Research presented at the recent European Congress of Clinical Microbiology and Infectious Diseases (ECCMID) demonstrated that resistance to carbapenem (and other) antibiotics can be studied using a laboratory antibiotic resistance model that accurately simulates conditions in the large intestine.The research was led by Professor Mark Wilcox, Head of Microbiology and Academic Lead of Pathology at the Leeds Teaching Hospitals (LTHT) who explained that the model shows that rapid transfer of genes that code for the enzymes responsible for carbapenem resistance can occur. A similar model has been used in Leeds for the past 15 years to predict the risk of Clostridium difficile infection (CDI) and the effectiveness of new treatment options, resulting in some 30 publications to date.

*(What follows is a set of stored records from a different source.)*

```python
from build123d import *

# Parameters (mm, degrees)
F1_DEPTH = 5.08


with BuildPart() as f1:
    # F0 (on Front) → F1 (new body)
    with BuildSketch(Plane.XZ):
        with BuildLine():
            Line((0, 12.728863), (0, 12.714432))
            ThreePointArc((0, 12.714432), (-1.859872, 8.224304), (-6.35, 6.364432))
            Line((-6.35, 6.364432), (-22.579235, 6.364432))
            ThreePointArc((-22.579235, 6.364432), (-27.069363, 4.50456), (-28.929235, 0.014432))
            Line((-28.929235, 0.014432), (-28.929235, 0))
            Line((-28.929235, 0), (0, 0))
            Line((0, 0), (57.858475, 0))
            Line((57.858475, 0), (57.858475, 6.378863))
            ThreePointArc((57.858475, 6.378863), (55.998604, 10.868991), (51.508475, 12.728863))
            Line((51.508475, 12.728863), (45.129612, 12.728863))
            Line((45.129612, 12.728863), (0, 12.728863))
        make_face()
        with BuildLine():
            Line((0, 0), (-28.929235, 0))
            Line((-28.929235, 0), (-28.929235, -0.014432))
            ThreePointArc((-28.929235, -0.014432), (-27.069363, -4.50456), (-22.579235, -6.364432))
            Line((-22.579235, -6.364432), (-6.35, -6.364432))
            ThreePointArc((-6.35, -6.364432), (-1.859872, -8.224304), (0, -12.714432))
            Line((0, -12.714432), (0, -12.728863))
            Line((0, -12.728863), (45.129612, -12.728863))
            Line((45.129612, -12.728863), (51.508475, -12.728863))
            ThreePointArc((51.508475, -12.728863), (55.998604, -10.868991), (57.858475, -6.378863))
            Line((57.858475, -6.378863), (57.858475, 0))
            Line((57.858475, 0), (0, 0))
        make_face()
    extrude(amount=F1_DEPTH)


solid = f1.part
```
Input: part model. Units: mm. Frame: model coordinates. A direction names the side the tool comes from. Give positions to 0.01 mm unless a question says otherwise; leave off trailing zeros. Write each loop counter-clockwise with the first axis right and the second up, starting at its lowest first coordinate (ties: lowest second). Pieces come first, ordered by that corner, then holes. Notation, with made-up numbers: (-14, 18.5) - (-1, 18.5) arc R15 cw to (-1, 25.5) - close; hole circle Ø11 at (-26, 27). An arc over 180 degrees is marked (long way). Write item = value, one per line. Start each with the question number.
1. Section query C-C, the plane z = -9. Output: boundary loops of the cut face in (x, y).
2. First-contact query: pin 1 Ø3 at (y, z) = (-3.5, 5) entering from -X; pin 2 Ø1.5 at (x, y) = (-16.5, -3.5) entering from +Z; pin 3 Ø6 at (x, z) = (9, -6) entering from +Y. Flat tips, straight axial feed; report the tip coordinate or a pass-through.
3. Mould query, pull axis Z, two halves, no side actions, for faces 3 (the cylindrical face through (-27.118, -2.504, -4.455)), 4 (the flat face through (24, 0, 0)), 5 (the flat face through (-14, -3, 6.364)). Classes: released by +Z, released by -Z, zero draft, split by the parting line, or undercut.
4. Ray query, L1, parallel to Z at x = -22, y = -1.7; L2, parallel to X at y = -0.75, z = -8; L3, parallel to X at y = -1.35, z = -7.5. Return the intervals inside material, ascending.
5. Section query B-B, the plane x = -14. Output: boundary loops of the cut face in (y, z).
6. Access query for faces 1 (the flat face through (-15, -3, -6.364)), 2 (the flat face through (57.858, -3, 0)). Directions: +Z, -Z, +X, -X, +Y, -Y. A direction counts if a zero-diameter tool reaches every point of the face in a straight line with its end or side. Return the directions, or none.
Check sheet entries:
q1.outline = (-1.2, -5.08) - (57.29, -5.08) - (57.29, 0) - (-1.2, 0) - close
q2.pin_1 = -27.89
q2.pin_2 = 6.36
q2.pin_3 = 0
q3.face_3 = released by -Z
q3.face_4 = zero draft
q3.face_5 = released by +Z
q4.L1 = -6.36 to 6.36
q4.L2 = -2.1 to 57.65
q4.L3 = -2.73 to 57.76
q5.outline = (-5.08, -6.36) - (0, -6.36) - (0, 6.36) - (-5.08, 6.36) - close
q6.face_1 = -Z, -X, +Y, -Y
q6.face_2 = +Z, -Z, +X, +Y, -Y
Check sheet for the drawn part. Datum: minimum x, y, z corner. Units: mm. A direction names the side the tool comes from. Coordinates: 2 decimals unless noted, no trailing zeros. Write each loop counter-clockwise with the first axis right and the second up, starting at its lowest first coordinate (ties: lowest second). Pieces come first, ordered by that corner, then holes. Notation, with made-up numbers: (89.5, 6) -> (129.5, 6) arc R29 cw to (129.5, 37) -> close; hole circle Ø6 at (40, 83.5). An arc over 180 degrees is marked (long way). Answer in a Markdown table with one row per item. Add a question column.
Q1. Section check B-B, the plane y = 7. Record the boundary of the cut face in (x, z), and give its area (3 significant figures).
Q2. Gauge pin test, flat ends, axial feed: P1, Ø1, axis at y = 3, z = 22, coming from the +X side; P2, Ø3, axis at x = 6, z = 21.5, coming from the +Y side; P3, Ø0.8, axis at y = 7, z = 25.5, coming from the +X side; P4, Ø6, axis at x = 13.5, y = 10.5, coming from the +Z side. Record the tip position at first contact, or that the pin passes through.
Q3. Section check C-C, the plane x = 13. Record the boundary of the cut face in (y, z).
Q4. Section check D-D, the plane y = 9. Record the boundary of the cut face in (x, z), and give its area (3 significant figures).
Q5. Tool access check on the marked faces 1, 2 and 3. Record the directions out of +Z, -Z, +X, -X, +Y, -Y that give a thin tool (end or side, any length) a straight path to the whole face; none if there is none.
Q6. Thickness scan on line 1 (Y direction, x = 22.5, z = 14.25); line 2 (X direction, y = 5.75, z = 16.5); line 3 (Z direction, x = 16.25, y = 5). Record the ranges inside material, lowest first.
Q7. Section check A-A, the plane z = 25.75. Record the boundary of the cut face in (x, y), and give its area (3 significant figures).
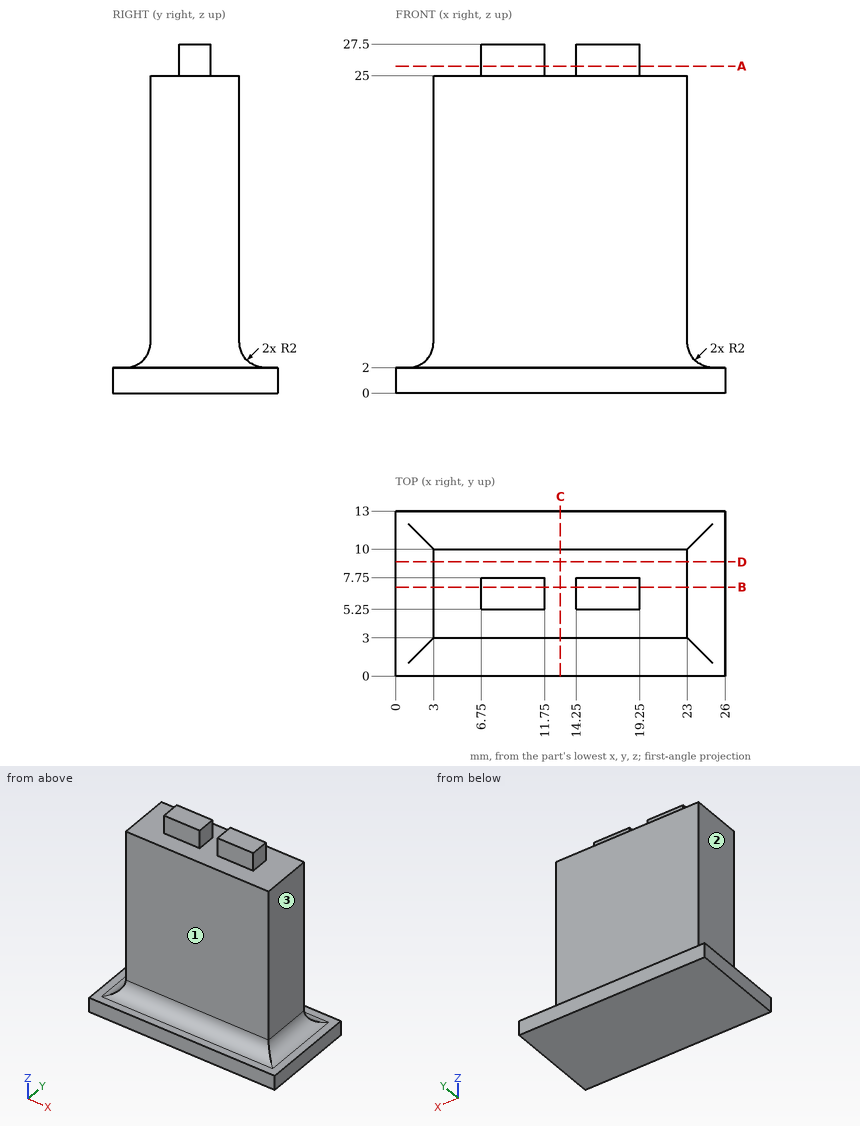
Calculated:
| question | item | result |
|---|---|---|
| 1 | outline | (0, 0) -> (26, 0) -> (26, 2) -> (25, 2) arc R2 cw to (23, 4) -> (23, 25) -> (19.25, 25) -> (19.25, 27.5) -> (14.25, 27.5) -> (14.25, 25) -> (11.75, 25) -> (11.75, 27.5) -> (6.75, 27.5) -> (6.75, 25) -> (3, 25) -> (3, 4) arc R2 cw to (1, 2) -> (0, 2) -> close |
| 1 | area | 539 mm² |
| 2 | P1 | stops at x = 23 |
| 2 | P2 | stops at y = 10 |
| 2 | P3 | stops at x = 19.25 |
| 2 | P4 | stops at z = 27.5 |
| 3 | outline | (0, 0) -> (13, 0) -> (13, 2) -> (12, 2) arc R2 cw to (10, 4) -> (10, 25) -> (3, 25) -> (3, 4) arc R2 cw to (1, 2) -> (0, 2) -> close |
| 4 | outline | (0, 0) -> (26, 0) -> (26, 2) -> (25, 2) arc R2 cw to (23, 4) -> (23, 25) -> (3, 25) -> (3, 4) arc R2 cw to (1, 2) -> (0, 2) -> close |
| 4 | area | 514 mm² |
| 5 | face 1 | +Z, +X, -X, -Y |
| 5 | face 2 | +Z, -X, +Y, -Y |
| 5 | face 3 | +Z, +X, +Y, -Y |
| 6 | line 1 | y = 3 to 10 |
| 6 | line 2 | x = 3 to 23 |
| 6 | line 3 | z = 0 to 25 |
| 7 | outline | (6.75, 5.25) -> (11.75, 5.25) -> (11.75, 7.75) -> (6.75, 7.75) -> close; (14.25, 5.25) -> (19.25, 5.25) -> (19.25, 7.75) -> (14.25, 7.75) -> close |
| 7 | area | 25.0 mm² |
Autodesk Inventor part; units mm, degrees
ref_plane "YZ Plane" through (0, 0, 0) normal (1, 0, 0) x (0, 1, 0)
ref_plane "XZ Plane" through (0, 0, 0) normal (0, 1, 0) x (-1, 0, 0)
ref_plane "XY Plane" through (0, 0, 0) normal (0, 0, 1) x (1, 0, 0)
sketch "Sketch1" plane through (0, 0, 0) normal (0, 0, 1) x (1, 0, 0)
  arc A0 (50.165, -86.8883) -> (-50.165, -86.8883) centre (0, 0) ccw
  line L0 (0, 123.825) -> (0, 0) construction
  line L1 (-168.8677, 119.38) -> (168.8677, 119.38) construction
  line L2 (127, 119.38) -> (127, -44.6491)
  line L3 (0, 0) -> (67.31, -116.5843) construction
  line L4 (50.165, -86.8883) -> (67.31, -116.5843)
  line L5 (-127, 119.38) -> (-127, -44.6491)
  line L6 (0, 0) -> (-67.31, -116.5843) construction
  line L7 (-50.165, -86.8883) -> (-67.31, -116.5843)
  arc A1 (-50.165, 325.6483) -> (50.165, 325.6483) centre (0, 238.76) ccw
  line L8 (127, 119.38) -> (127, 283.4091)
  line L9 (50.165, 325.6483) -> (67.31, 355.3443)
  line L10 (-127, 119.38) -> (-127, 283.4091)
  line L11 (-50.165, 325.6483) -> (-67.31, 355.3443)
  arc A2 (127, 283.4091) -> (67.31, 355.3443) centre (0, 238.76) ccw
  arc A3 (-67.31, 355.3443) -> (-127, 283.4091) centre (0, 238.76) ccw
  arc A4 (-127, -44.6491) -> (-67.31, -116.5843) centre (0, 0) ccw
  arc A5 (67.31, -116.5843) -> (127, -44.6491) centre (0, 0) ccw
  point P0 (114.3, -45.72)
  point P1 (0, 119.38)
  point P2 (-114.3, -45.72)
  point P3 (114.3, 284.48)
  point P4 (-114.3, 284.48)
  dimension "d1" = 200.66
  dimension "d18" = 119.38
  dimension "d19" = 165.1
  dimension "d20" = 114.3
  dimension "d25" = 127
  dimension "d26" = 150
  dimension "d34" = 134.62
extrude "Extrusion1" add sketch "Sketch1" along normal blind 6.35
hole "Hole2" at (114.3, -45.72, 0) at (0, 119.38, 0) at (-114.3, -45.72, 0) at (114.3, 284.48, 0) at (-114.3, 284.48, 0) direction (0, 0, 1) diameter 6.7564 end through all
fillet "Fillet1" radius 6.35 8 edges at (50.165, -86.8883, 3.175) (-50.165, -86.8883, 3.175) (67.31, 355.3443, 3.175) (-67.31, 355.3443, 3.175) (50.165, 325.6483, 3.175) (-50.165, 325.6483, 3.175) (67.31, -116.5843, 3.175) (-67.31, -116.5843, 3.175)
properties part number "J001393" material "ALUMINUM, 6061-T651"
Source: CAD feature listing. Evaluate the final solid. Frame: model axes, mm. A direction names the side the tool comes from. Round coordinates to 2 decimals unless told otherwise and drop trailing zeros. Order: outer loops, then holes, each group sorted by start corner. A loop starts at its lowest first (then second) coordinate and runs counter-clockwise, first axis right, second up. Notation, with made-up numbers: (-30.5, 88.25) - (24.5, 88.25) arc R14 ccw to (24.5, 100.25) - close; hole circle Ø6 at (-38, 80.25). An arc over 180 degrees is marked (long way). Use a Markdown table: item, result. Add a question column.
1. Line query: probe 1 along Y at (x, z) = (70.5, 0.5); probe 2 along Y at (x, z) = (-69, 2); probe 3 along X at (y, z) = (284.48, 3.5). Output: solid intervals per line, ascending.
2. Set-up query: faces 5 (the flat face through (-58.6, -101.5, 3.1)), 6 (the cylindrical face through (106.08, -82.88, 3.13)), 7 (the flat face through (58.58, 340.22, 3.13)). Return all of +Z, -Z, +X, -X, +Y, -Y with unobstructed straight access to the full face (end or side cutting, diameter ignored); none if empty.
3. Section query C-C (y = -78). Return the cut outline in (x, z), then the cut area to 3 significant figures.
4. Section query D-D (x = -29). Return the cut outline in (y, z).
5. Section query A-A (y = 238.76). Return the cut outline in (x, z), then the cut area to 3 significant figures.
6. Mould query, pull axis X, two halves, no side actions, for faces 1 (the flat face through (-58.58, 340.22, 3.13)), 2 (the cylindrical face through (-106.08, 321.64, 3.13)), 3 (the flat face through (58.6, -101.5, 3.1)), 4 (the flat face through (-2, 123, 0)). Classes: +X half, -X half, draft (parallel to the pull), parting line (faces both ways), or undercut.
7. First-contact query: pin 1 (4 mm diameter, centred on x = 114.3, y = 284.48, fed in from +Z). Flat tip, straight axial feed; report the tip coordinate or a pass-through.
8. Section query B-B (z = 3.5). Return the cut outline in (x, y).
Derived:
| question | item | result |
|---|---|---|
| 1 | probe 1 | -114.05 to -71.39, 71.39 to 167.37, 310.15 to 352.81 |
| 1 | probe 2 | -114.1 to -72.84, 72.84 to 165.92, 311.6 to 352.86 |
| 1 | probe 3 | -126.62 to -117.68, -110.92 to -89.31, 89.31 to 110.92, 117.68 to 126.62 |
| 2 | face 5 | +Z, -Z, -Y |
| 2 | face 6 | +Z, -Z, +X, -Y |
| 2 | face 7 | +Z, -Z, +Y |
| 3 | outline | (-109.72, 0) - (-63.1, 0) - (-63.1, 6.35) - (-109.72, 6.35) - close; (63.1, 0) - (109.72, 0) - (109.72, 6.35) - (63.1, 6.35) - close |
| 3 | area | 592 mm2 |
| 4 | outline | (96.05, 0) - (142.71, 0) - (142.71, 6.35) - (96.05, 6.35) - close |
| 5 | outline | (-127, 0) - (-100.33, 0) - (-100.33, 6.35) - (-127, 6.35) - close; (100.33, 0) - (127, 0) - (127, 6.35) - (100.33, 6.35) - close |
| 5 | area | 339 mm2 |
| 6 | face 1 | undercut |
| 6 | face 2 | -X half |
| 6 | face 3 | undercut |
| 6 | face 4 | draft |
| 7 | pin 1 | through |
| 8 | outline | (-127, -44.65) arc R134.62 ccw to (-73, -113.11) arc R6.35 ccw to (-64.06, -110.95) - (-53.25, -92.22) arc R6.35 ccw to (-55.25, -83.75) arc R100.33 cw (long way) to (55.25, -83.75) arc R6.35 ccw to (53.25, -92.22) - (64.06, -110.95) arc R6.35 ccw to (73, -113.11) arc R134.62 ccw to (127, -44.65) - (127, 283.41) arc R134.62 ccw to (73, 351.87) arc R6.35 ccw to (64.06, 349.71) - (53.25, 330.98) arc R6.35 ccw to (55.25, 322.51) arc R100.33 cw (long way) to (-55.25, 322.51) arc R6.35 ccw to (-53.25, 330.98) - (-64.06, 349.71) arc R6.35 ccw to (-73, 351.87) arc R134.62 ccw to (-127, 283.41) - close; hole circle Ø6.76 at (-114.3, -45.72); hole circle Ø6.76 at (-114.3, 284.48); hole circle Ø6.76 at (0, 119.38); hole circle Ø6.76 at (114.3, -45.72); hole circle Ø6.76 at (114.3, 284.48) |
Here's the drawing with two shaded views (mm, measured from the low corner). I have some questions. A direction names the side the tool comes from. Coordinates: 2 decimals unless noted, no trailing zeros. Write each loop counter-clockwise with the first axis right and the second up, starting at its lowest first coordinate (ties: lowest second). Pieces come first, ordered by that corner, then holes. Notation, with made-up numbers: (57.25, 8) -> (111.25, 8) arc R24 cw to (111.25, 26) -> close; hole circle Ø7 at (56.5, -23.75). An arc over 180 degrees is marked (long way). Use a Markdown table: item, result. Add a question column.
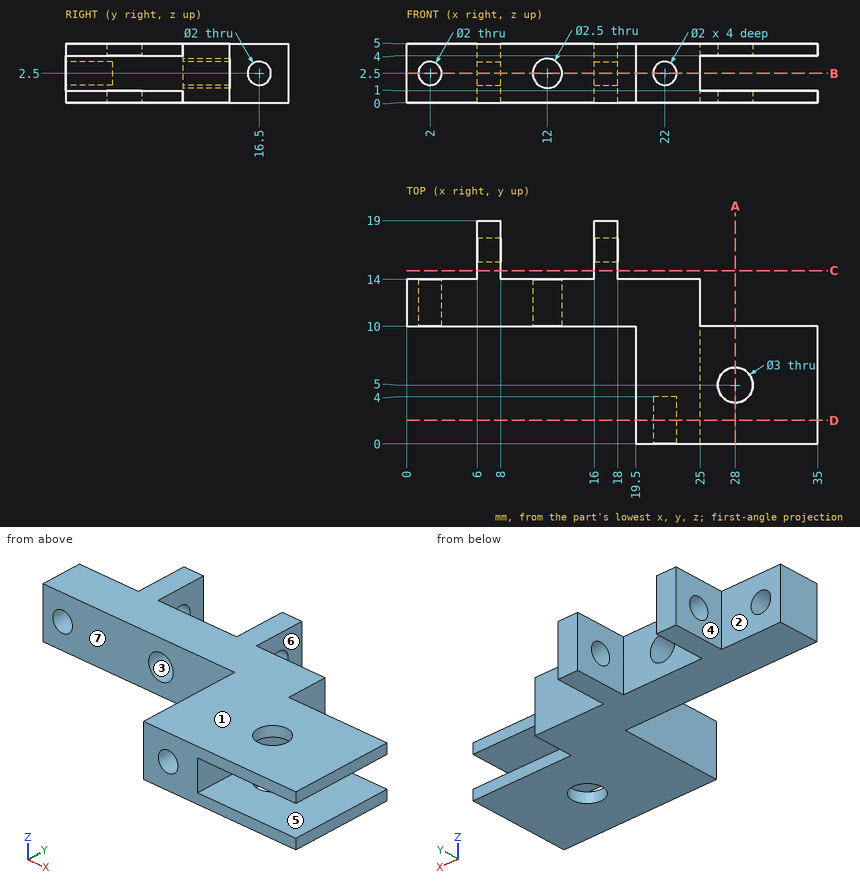
Q1. Please list where these lines run through material, in increasing order: line 1 (Z direction, x = 17.65, y = 16.5); line 2 (X direction, y = 16.25, z = 0.7); line 3 (X direction, y = 5, z = 0.7).
Q2. Suppose I cut it at D-D, the plane y = 2. Write out the boundary of the cut face in (x, z), and give its area (3 significant figures).
Q3. Suppose I cut it at C-C, the plane y = 14.75. Write out the boundary of the cut face in (x, z), and give its area (3 significant figures).
Q4. Suppose I cut it at A-A, the plane x = 28. Write out the boundary of the cut face in (y, z).
Q5. Will these pins go through, and if not, where does the flat tip stop? pin 1 (2.5 mm diameter, centred on y = 2.5, z = 2, fed in from -X); pin 2 (2.5 mm diameter, centred on y = 16.5, z = 2.5, fed in from +X); pin 3 (1.5 mm diameter, centred on x = 2.5, z = 2.5, fed in from +Y); pin 4 (1.8 mm diameter, centred on x = 28, y = 5, fed in from +Z).
Q6. Thinking about a two-plate mould opening in Z: for the marked faces 1, 2 and 3, which applies, released by +Z, released by -Z, zero draft, split by the parting line, or undercut?
Q7. Suppose I cut it at B-B, the plane z = 2.5. State how many separate pieces and enclosed holes the cut face has, and give its area (3 significant figures).
Q8. Which directions (+Z, -Z, +X, -X, +Y, -Y) give clear straight access to the entire face, cutting with the end or side of a thin tool? Please do the marked faces 4, 5, 6 and 7.
Answer key:
| question | item | result |
|---|---|---|
| 1 | line 1 | z = 0 to 1.5, 3.5 to 5 |
| 1 | line 2 | x = 6 to 8, 16 to 18 |
| 1 | line 3 | x = 19.5 to 26.5, 29.5 to 35 |
| 2 | outline | (19.5, 0) -> (35, 0) -> (35, 1) -> (25, 1) -> (25, 4) -> (35, 4) -> (35, 5) -> (19.5, 5) -> close; hole circle Ø2 at (22, 2.5) |
| 2 | area | 44.4 mm^2 |
| 3 | outline | (6, 0) -> (8, 0) -> (8, 5) -> (6, 5) -> close; (16, 0) -> (18, 0) -> (18, 5) -> (16, 5) -> close |
| 3 | area | 20.0 mm^2 |
| 4 | outline | (0, 0) -> (3.5, 0) -> (3.5, 1) -> (0, 1) -> close; (0, 4) -> (3.5, 4) -> (3.5, 5) -> (0, 5) -> close; (6.5, 0) -> (10, 0) -> (10, 1) -> (6.5, 1) -> close; (6.5, 4) -> (10, 4) -> (10, 5) -> (6.5, 5) -> close |
| 5 | pin 1 | stops at x = 19.5 |
| 5 | pin 2 | stops at x = 18 |
| 5 | pin 3 | stops at y = 14 |
| 5 | pin 4 | passes through |
| 6 | face 1 | released by +Z |
| 6 | face 2 | zero draft |
| 6 | face 3 | undercut |
| 7 | separate pieces | 5 |
| 7 | enclosed holes | 0 |
| 7 | area | 141 mm^2 |
| 8 | face 4 | +Z, -Z, -X, +Y |
| 8 | face 5 | +X, +Y, -Y |
| 8 | face 6 | +Z, -Z, +X, +Y |
| 8 | face 7 | +Z, -Z, -X, -Y |

The study showed that resistance levels in the pathogens most commonly associated with healthcare associated infections (Enterobacteriaceae and Pseudomonas aeruginosa) is higher in the ICU setting than in non-ICU settings – a concern for hospital managers and clinicians because ICU patients are typically more severely ill, more likely to have poor outcomes, and are more costly to manage. ‘The new antibiotic resistance gut model offers the opportunity to better understand which conditions (e.g. particular antibiotics) are more likely to be associated with the emergence and spread of carbapenem resistance,’ added Wilcox, who is the Lead on Clostridium difficile for Public Health England (PHE). ‘Also, it’s possible using this approach to determine whether antibiotics under development - including for the treatment of carbapenem resistant infections - are associated with a low or high chance of emergence of resistance.’
Carbapenems are antibiotics used to treat infections known or suspected to be caused by multidrug-resistant (MDR) bacteria and primarily on hospital patients. The issue of nosocomial antibiotic resistance is of a major concern globally. ‘This is an extremely serious threat, given the lack of suitable alternative treatment options and rapid spread of resistance in some settings,’ he pointed out. In separate research, an international consensus report highlighting the need for improved management of Clostridium difficile infection (CDI) in inflammatory bowel disease (IBD) patients (authored by Wilcox) was presented at ECCMID. ‘The international consensus report highlights that more information is needed to optimise the diagnosis and treatment of CDI in patients with IBD,’ he said. ‘We know that CDI has important consequences for patients and healthcare systems, including excess morbidity, mortality and length of hospitalisation. These consequences are most pronounced in vulnerable patients, including those with inflammatory bowel disease.’
Mark Wilcox is a Consultant Microbiologist, Head of Microbiology and Academic Lead of Pathology at the Leeds Teaching Hospitals (LTHT), Professor of Medical Microbiology at the University of Leeds (Leeds Institute of Molecular Medicine), and the Lead on Clostridium difficile for Public Health England (PHE). He is also Deputy Chair of the UK Department of Health’s Antimicrobial Resistance and Healthcare Associated Infection (ARHAI) Committee and an advisor to the Department of Health in England on healthcare associated infections (HCAIs). Additional roles include being a member of UK, European and USA working groups on CDI. His research focuses on HCAI, in particular CDI, staphylococcal infection, and the clinical development of new antimicrobial agents.